Activity — In the data, find each line where the word "degrees" appears and list that line.

Records shown —
┄┄┄┄┄┄┄┄┄┄┄┄┄┄┄┄┄┄┄┄
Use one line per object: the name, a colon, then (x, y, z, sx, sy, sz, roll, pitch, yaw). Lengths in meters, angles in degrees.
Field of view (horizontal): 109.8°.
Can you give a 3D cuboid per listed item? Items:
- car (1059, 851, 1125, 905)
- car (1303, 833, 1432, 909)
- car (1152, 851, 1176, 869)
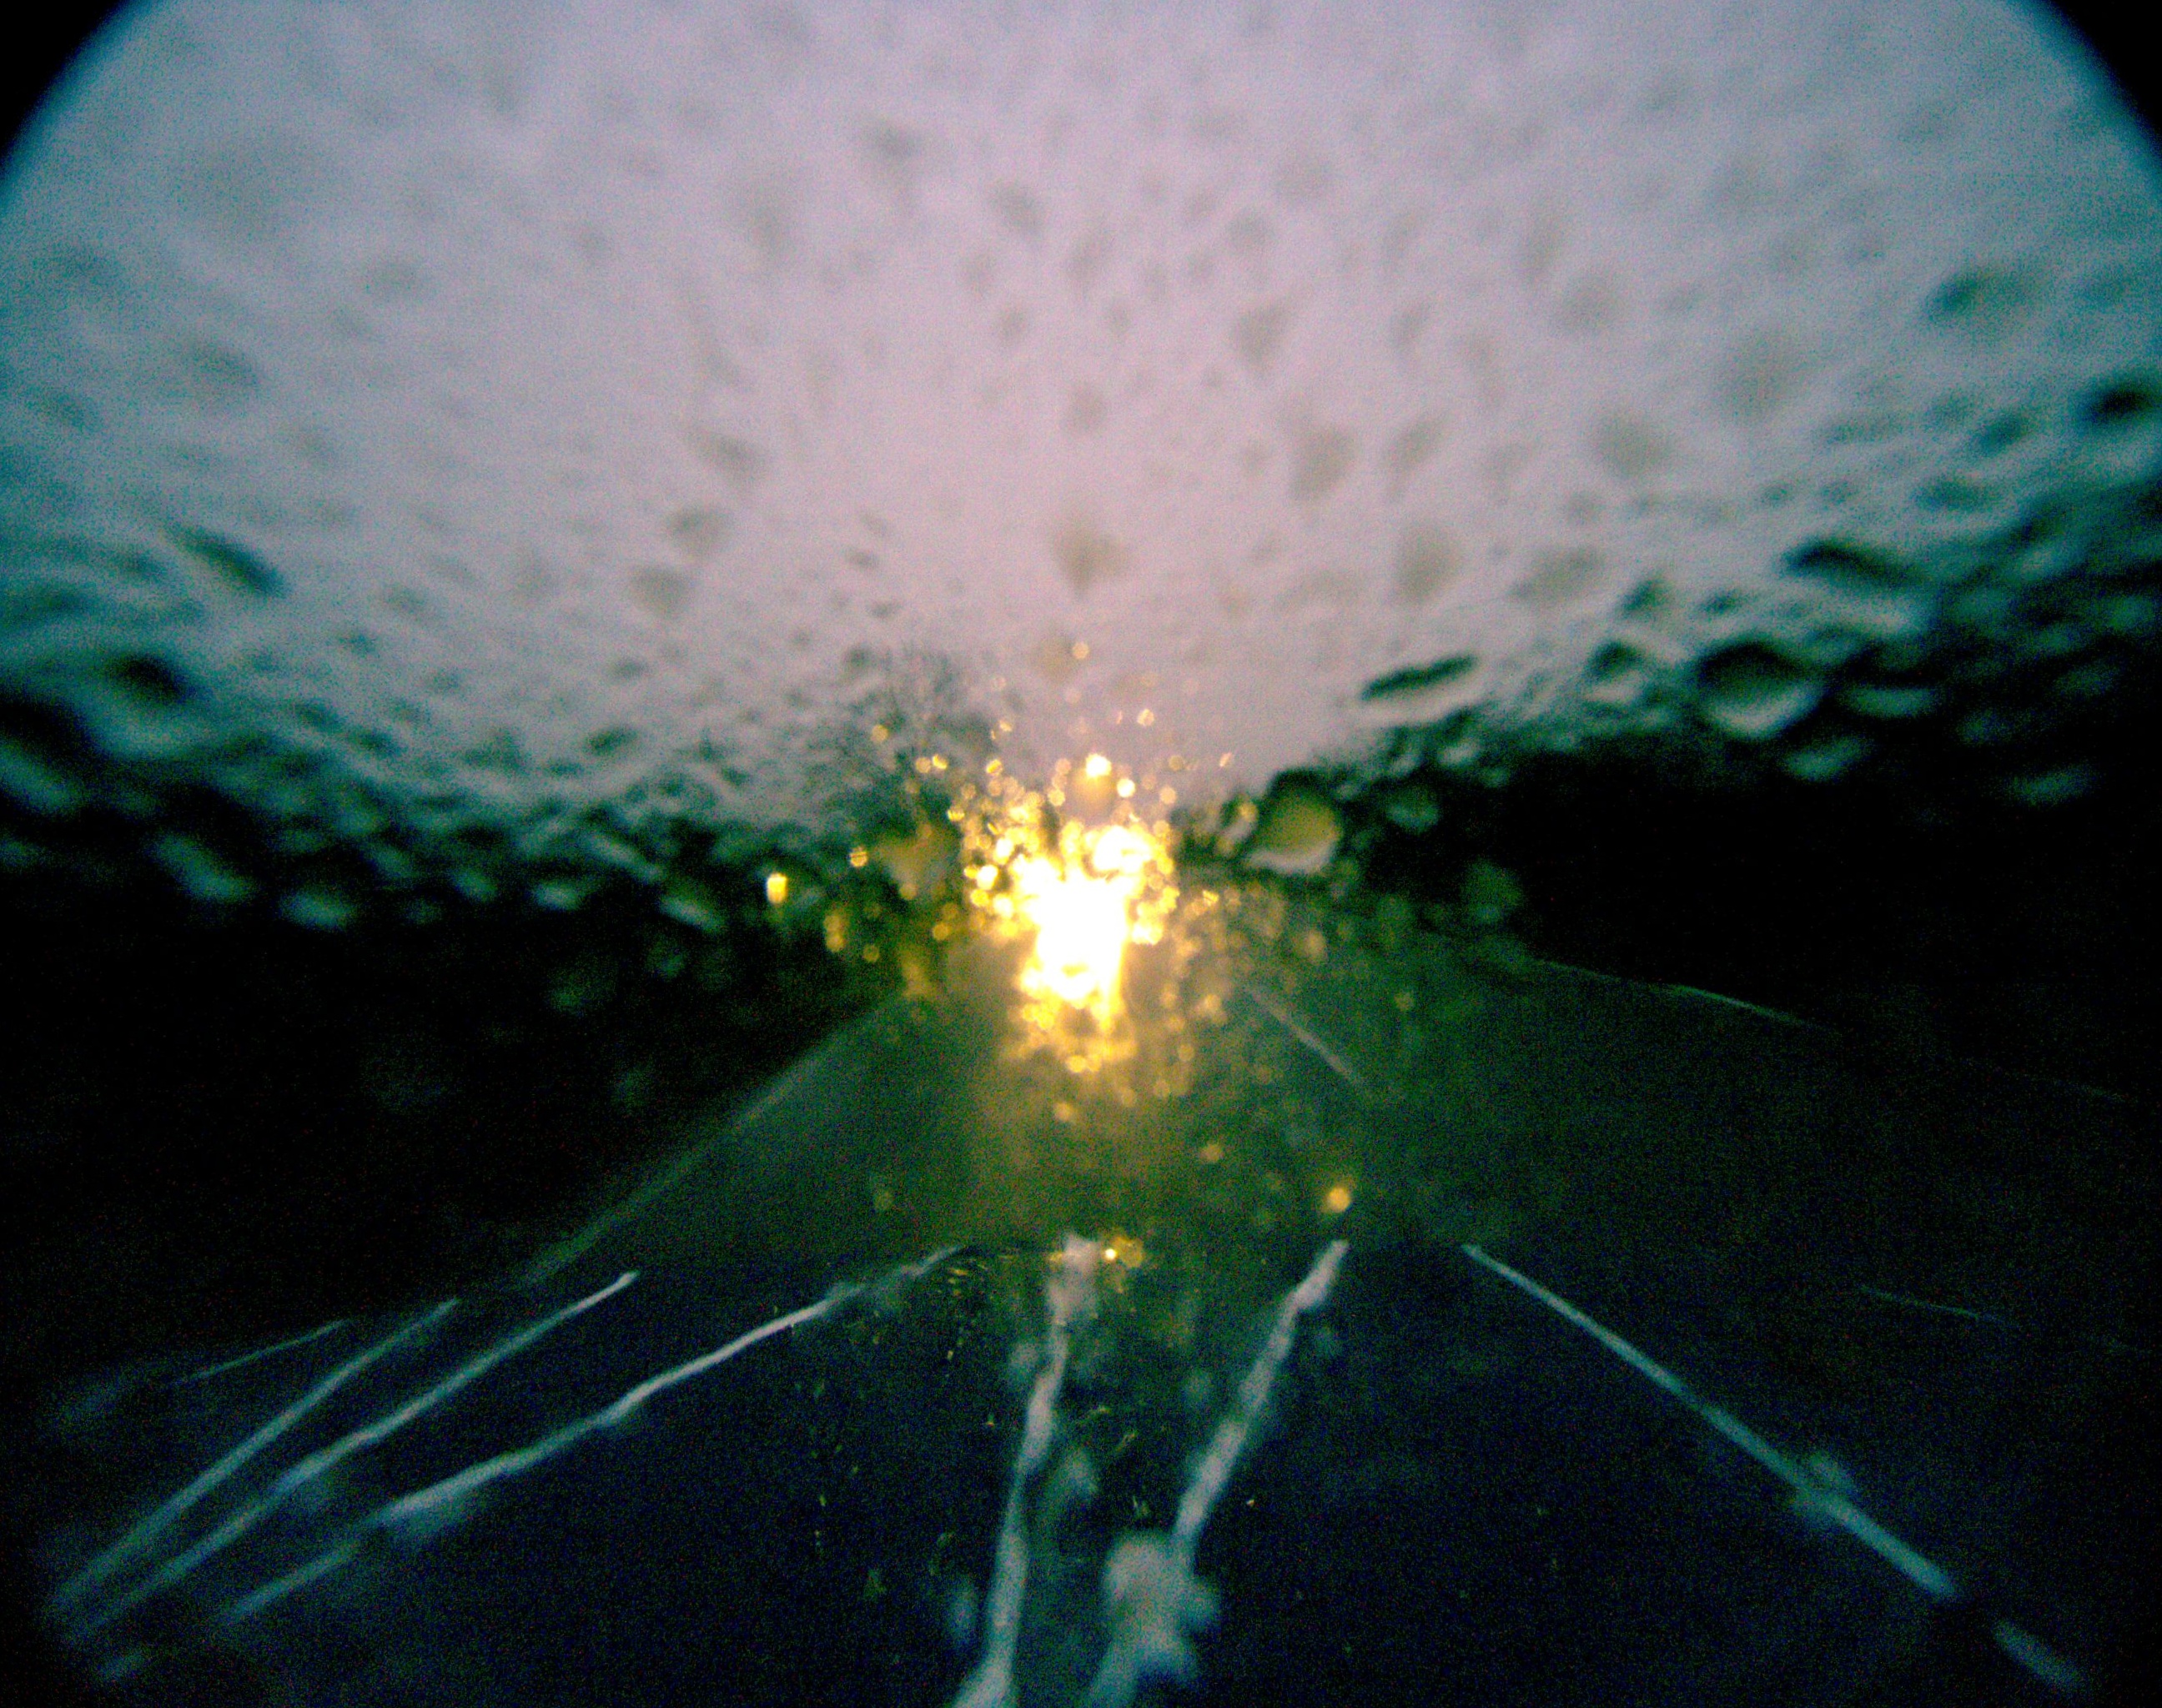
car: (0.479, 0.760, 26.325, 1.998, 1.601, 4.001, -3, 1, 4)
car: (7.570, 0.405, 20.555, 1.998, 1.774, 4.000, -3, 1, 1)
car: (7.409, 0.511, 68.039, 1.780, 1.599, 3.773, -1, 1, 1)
┄┄┄┄┄┄┄┄┄┄┄┄┄┄┄┄┄┄┄┄
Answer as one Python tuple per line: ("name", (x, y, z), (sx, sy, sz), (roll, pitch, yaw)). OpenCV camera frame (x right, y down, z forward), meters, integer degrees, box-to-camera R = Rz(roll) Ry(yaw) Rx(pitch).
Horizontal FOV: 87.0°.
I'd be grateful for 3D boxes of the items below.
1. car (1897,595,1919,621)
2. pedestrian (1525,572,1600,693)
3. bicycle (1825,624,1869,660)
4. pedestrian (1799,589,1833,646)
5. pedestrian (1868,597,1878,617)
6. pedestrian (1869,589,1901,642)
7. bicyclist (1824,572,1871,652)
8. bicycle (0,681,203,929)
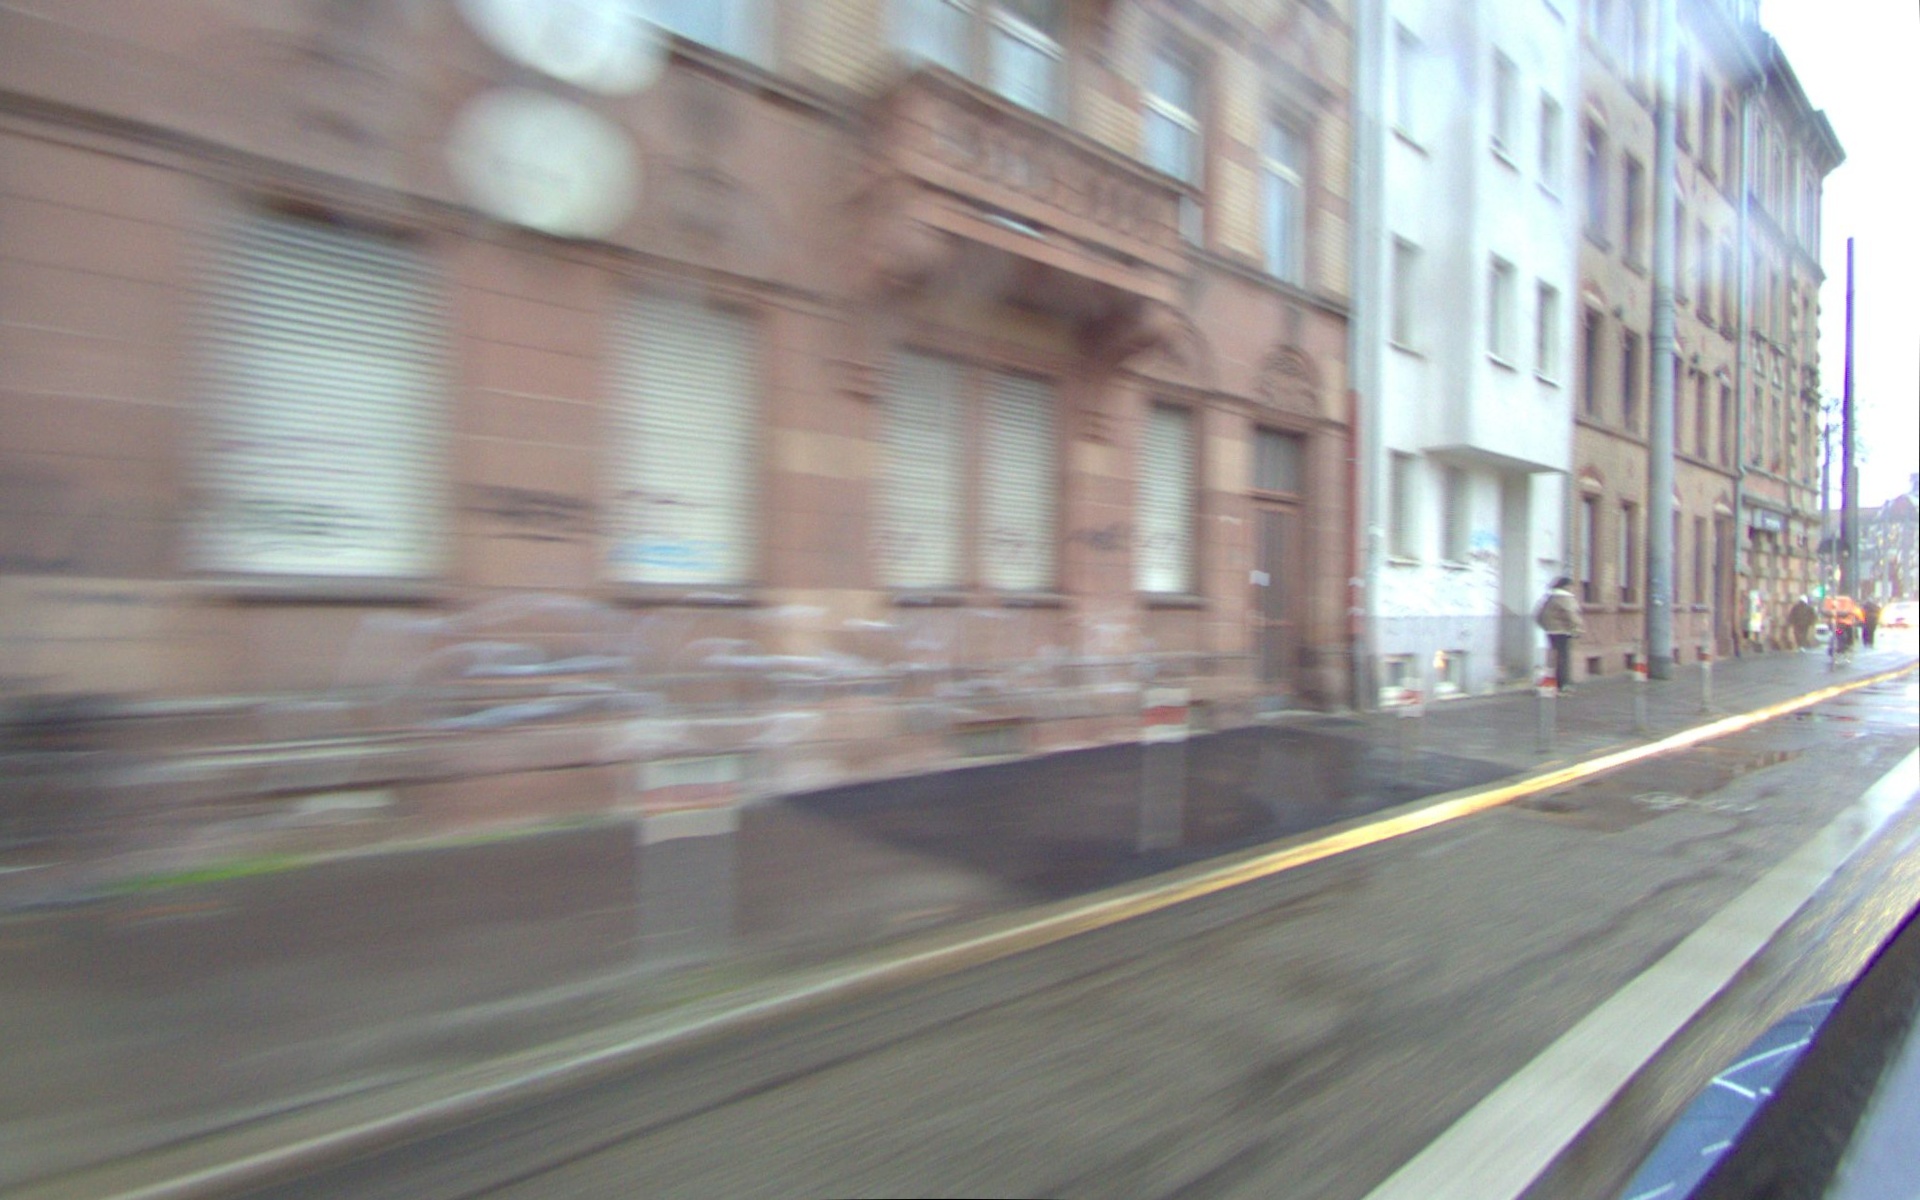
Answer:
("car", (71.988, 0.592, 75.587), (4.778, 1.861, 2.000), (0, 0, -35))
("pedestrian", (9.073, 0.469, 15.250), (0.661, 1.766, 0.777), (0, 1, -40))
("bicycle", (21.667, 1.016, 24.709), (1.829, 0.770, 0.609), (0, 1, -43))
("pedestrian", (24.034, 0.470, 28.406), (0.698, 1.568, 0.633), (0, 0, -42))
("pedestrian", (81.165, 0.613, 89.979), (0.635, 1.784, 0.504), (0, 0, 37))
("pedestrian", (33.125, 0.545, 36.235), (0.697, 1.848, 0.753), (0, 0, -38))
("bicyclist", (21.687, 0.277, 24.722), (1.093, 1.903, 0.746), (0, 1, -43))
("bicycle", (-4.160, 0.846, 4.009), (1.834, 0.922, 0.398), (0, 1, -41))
┄┄┄┄┄┄┄┄┄┄┄┄┄┄┄┄┄┄┄┄
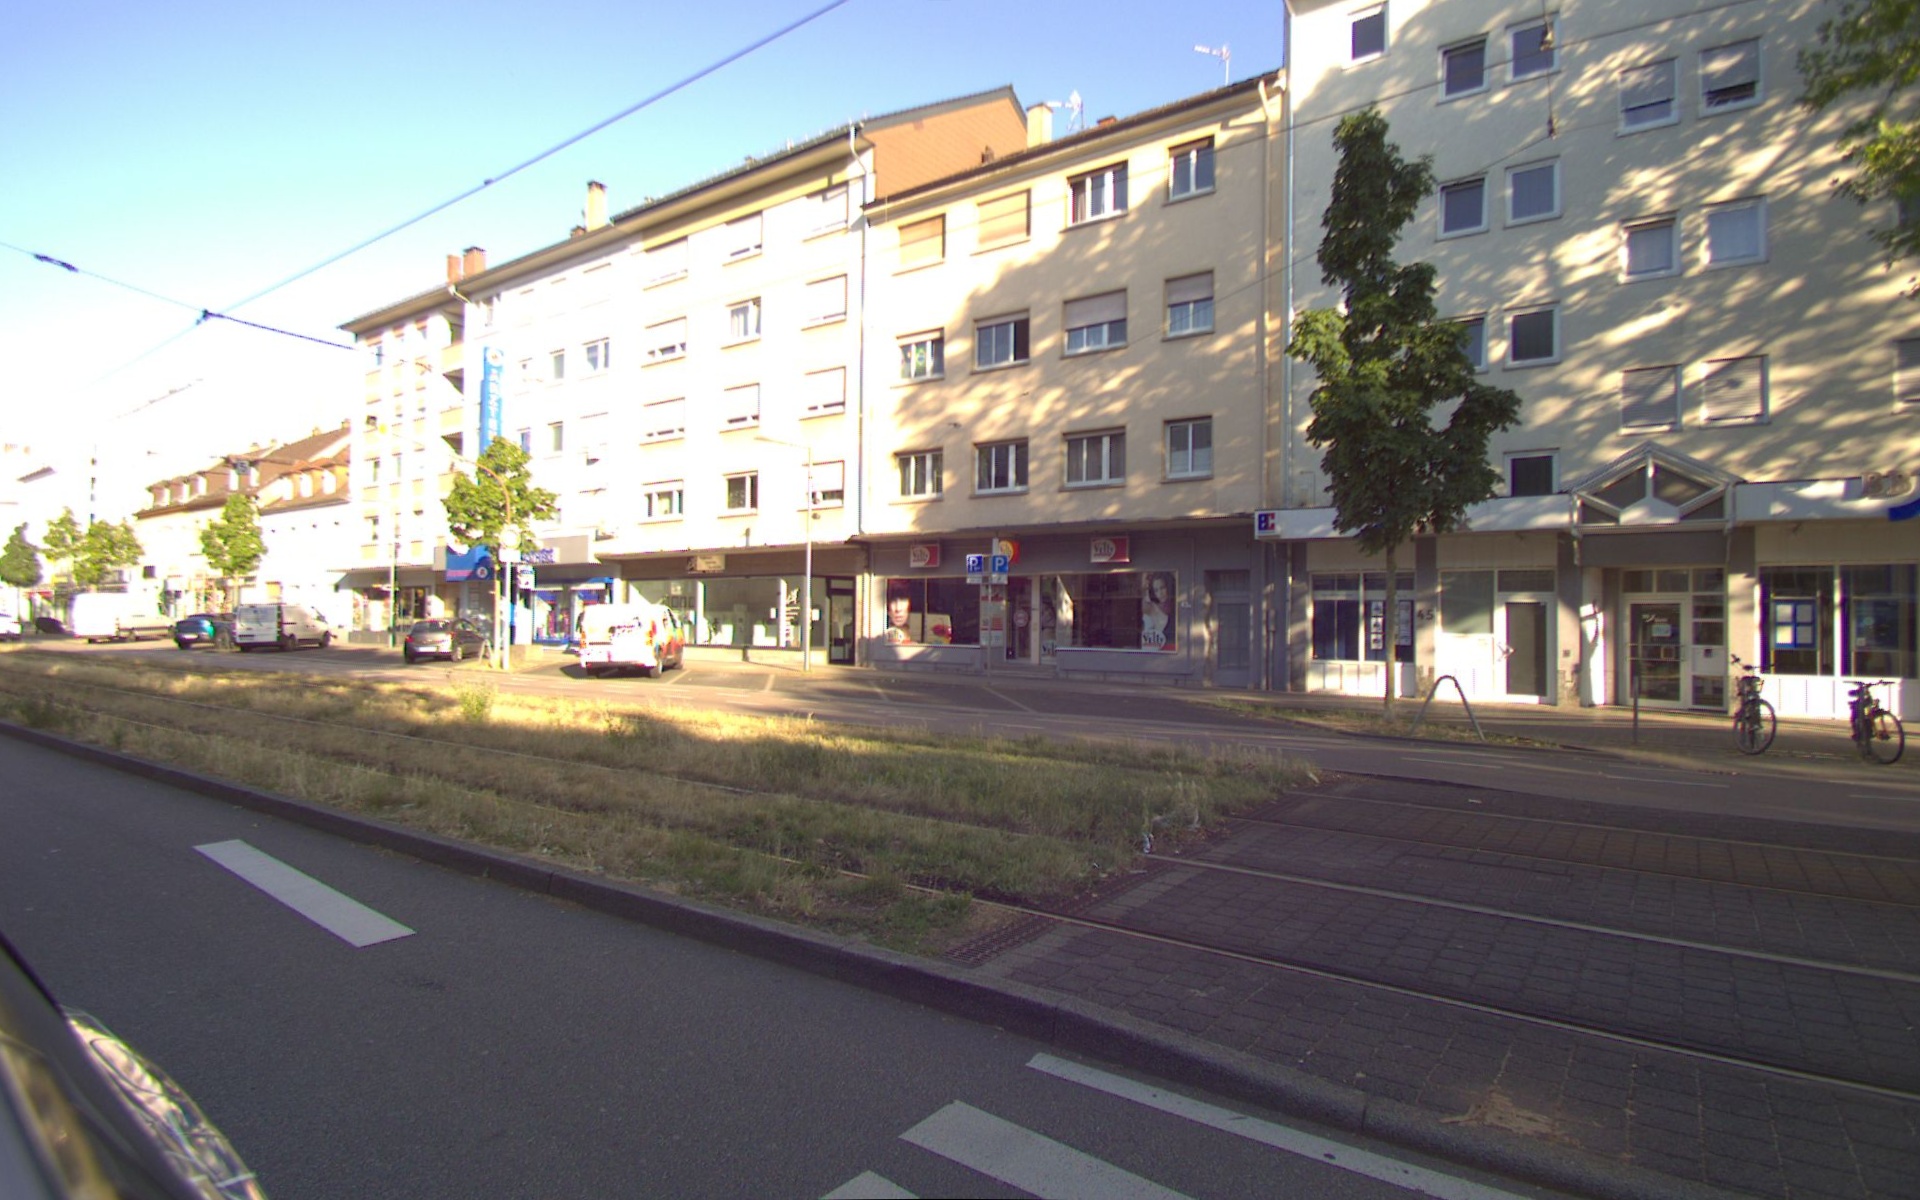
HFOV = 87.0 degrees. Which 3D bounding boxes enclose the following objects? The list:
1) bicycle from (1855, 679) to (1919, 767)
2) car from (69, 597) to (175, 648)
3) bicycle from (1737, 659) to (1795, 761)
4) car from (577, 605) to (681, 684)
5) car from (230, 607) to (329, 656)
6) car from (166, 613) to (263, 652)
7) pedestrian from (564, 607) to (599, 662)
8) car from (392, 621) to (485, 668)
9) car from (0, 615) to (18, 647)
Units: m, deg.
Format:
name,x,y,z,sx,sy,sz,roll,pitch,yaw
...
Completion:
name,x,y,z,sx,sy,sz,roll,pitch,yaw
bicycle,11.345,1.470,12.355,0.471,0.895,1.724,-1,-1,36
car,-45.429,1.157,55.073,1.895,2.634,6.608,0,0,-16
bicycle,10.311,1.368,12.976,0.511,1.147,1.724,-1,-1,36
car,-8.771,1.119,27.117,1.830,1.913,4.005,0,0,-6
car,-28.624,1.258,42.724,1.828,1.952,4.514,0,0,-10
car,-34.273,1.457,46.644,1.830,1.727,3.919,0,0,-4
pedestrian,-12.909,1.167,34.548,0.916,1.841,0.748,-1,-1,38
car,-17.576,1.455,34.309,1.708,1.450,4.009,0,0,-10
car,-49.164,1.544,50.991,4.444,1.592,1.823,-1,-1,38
┄┄┄┄┄┄┄┄┄┄┄┄┄┄┄┄┄┄┄┄
Written reply —
Use one line per object: the name, a colon, then (x, y, z, sx, sy, sz, roll, pitch, yaw). Lengths in meters, angles in degrees.
Answer as one Python tuple per line: ("name", (x, y, z), (sx, sy, sz), (roll, pitch, yaw)). OpenCV camera frame (x right, y down, z forward), meters, integer degrees, box-to-camera R = Rz(roll) Ry(yaw) Rx(pitch).
HFOV = 87.0 degrees. Which 3D bounding boxes enclose the following objects? The list:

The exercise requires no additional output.